На том занятии нам задали прочесть «Моего первого гуся», рассказ о первой ночи еврейского интеллигента в расположении Красной армии во время кампании 1920 года. Он приходит на постой, и новые товарищи, безграмотные казаки, первым делом вместо приветствия выбрасывают за ворота его сундучок. Заметив шатающегося по двору гуся, интеллигент наступает ногой ему на шею, пронзает саблей и приказывает хозяйке приготовить на ужин. Тогда казаки признают в нем своего и дают ему место у костра, где он им вслух читает ленинскую речь из «Правды».
Прочтя этот рассказ впервые, я абсолютно ничего не поняла. Зачем надо было убивать гуся? Что такого замечательного в чтении Ленина у костра? Из рассказов, которые мы проходили на тех занятиях, меня куда глубже взволновала чеховская «Дама с собачкой». Особенно запомнился пассаж, что человек ведет две жизни: одну – открытую и видимую, заполненную работой, условностями, обязанностями, шутками, и другую – «протекающую тайно», и насколько легко могут обстоятельства сделать все существенное, интересное, необходимое частью именно второй, тайной жизни. На самом деле тема тайной жизни для Бабеля тоже чрезвычайно важна, но я поняла это лишь позднее.
Второй раз я читала Бабеля в аспирантуре перед семинаром по литературным биографиям. Это были дневники 1920 года и «Конармия»; я прочла их в один присест, пока в февральскую дождливую субботу пекла торт «Черный лес». Для потомков Бабель увековечил военный позор бездарной русско-польской кампании, а для меня – кулинарный позор этого торта, который на выходе из печки напоминал старую шляпу: после того как я оптимистично вылила на торт половину двухдолларовой бутылки киршвассера, органы чувств опознали в нем старую шляпу, замоченную в сиропе от кашля.

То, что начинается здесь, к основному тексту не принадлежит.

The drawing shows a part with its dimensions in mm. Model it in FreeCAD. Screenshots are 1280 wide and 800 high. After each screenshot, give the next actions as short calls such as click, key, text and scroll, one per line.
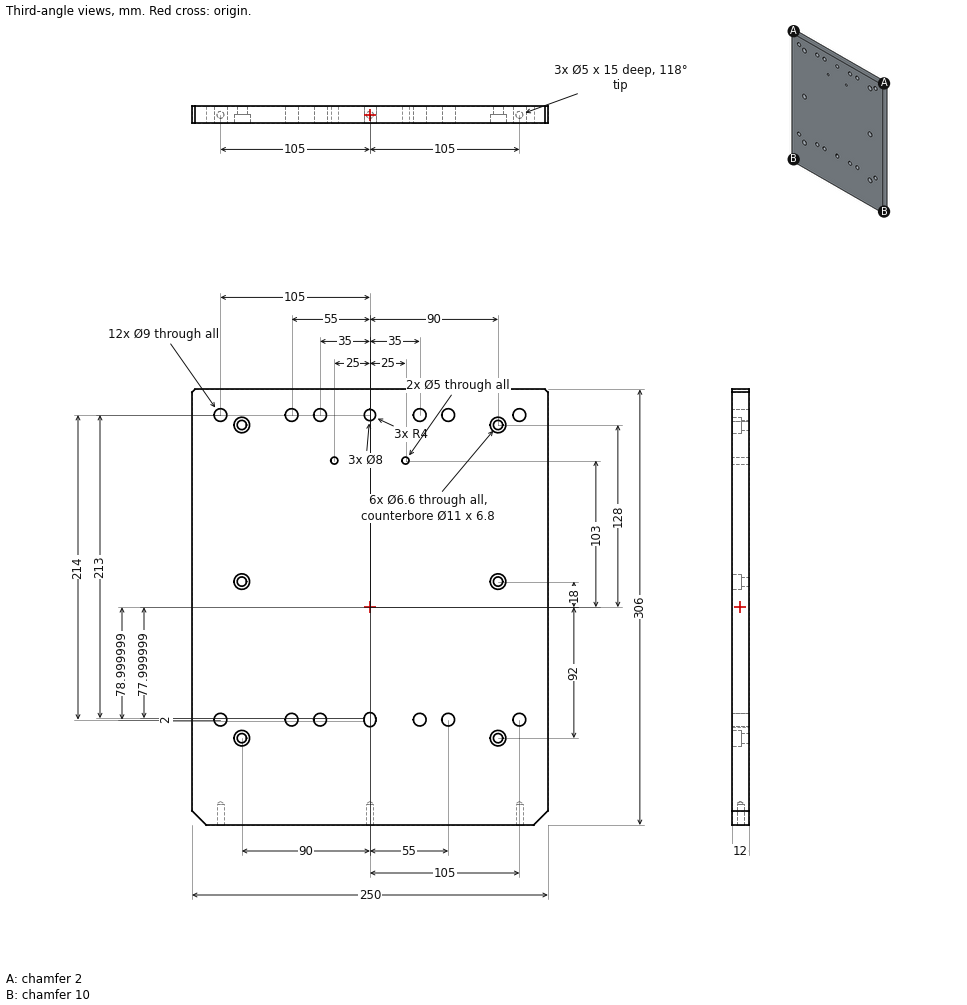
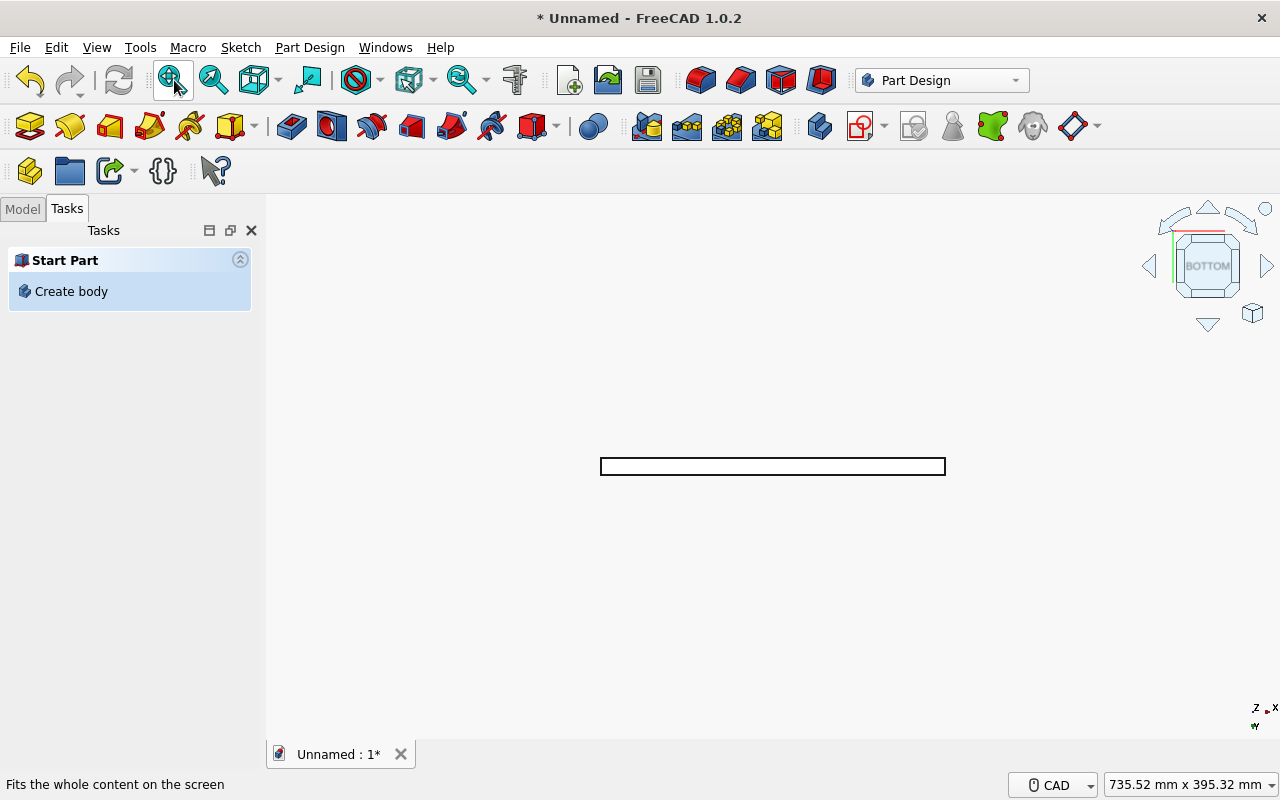
key(1)

Есть книги, которые запоминаются вместе с материальными условиями чтения: сколько чтение заняло, время года, цвет обложки. Зачастую книга запоминается именно благодаря этим материальным условиям, но иногда – наоборот. Я уверена, что мои воспоминания о том дне – запах дождя и печеного шоколада, унылая квартира с ее надувной кроватью, раздвижная стеклянная дверь, через которую видны мокрые пальмы и парковка у супермаркета «Сэйфвэй», – обусловлены дневником Бабеля, драгоценным и полуутраченным.
Дневник начинается с пятьдесят пятой страницы – предыдущие пятьдесят четыре Бабель потерял. Через три дня отсутствует еще двадцать одна страница, а это целый месяц. «Спал плохо, думаю о рукописях, – пишет Бабель. – Тоска, упадок энергии; знаю, что превозмогу, когда это будет?» В следующие несколько дней, несмотря на усилия, все вокруг напоминает ему об утерянных страницах: «Крестьянин (Парфентий Мельник, тот самый, что служил на военной службе в Елисаветполе) жалуется, что лошадь распухла от молока, забрали от жеребенка, тоска, рукописи, рукописи…»
Этот дневник – не о войне, а о писателе на войне, о писателе, взахлеб вкушающем войну как источник материала. Виктор Шкловский, который изобрел теорию о том, что литературный материал всегда вторичен по отношению к литературной форме, был большим поклонником Бабеля. «У него не было отчуждения от жизни. Но мне казалось, что Бабель, ложась спать, подписывает прожитый им день, как рассказ». У Бабеля не было отчуждения от жизни – напротив, он к ней стремился, – но он был неспособен воспринимать ее иначе как материал для литературы.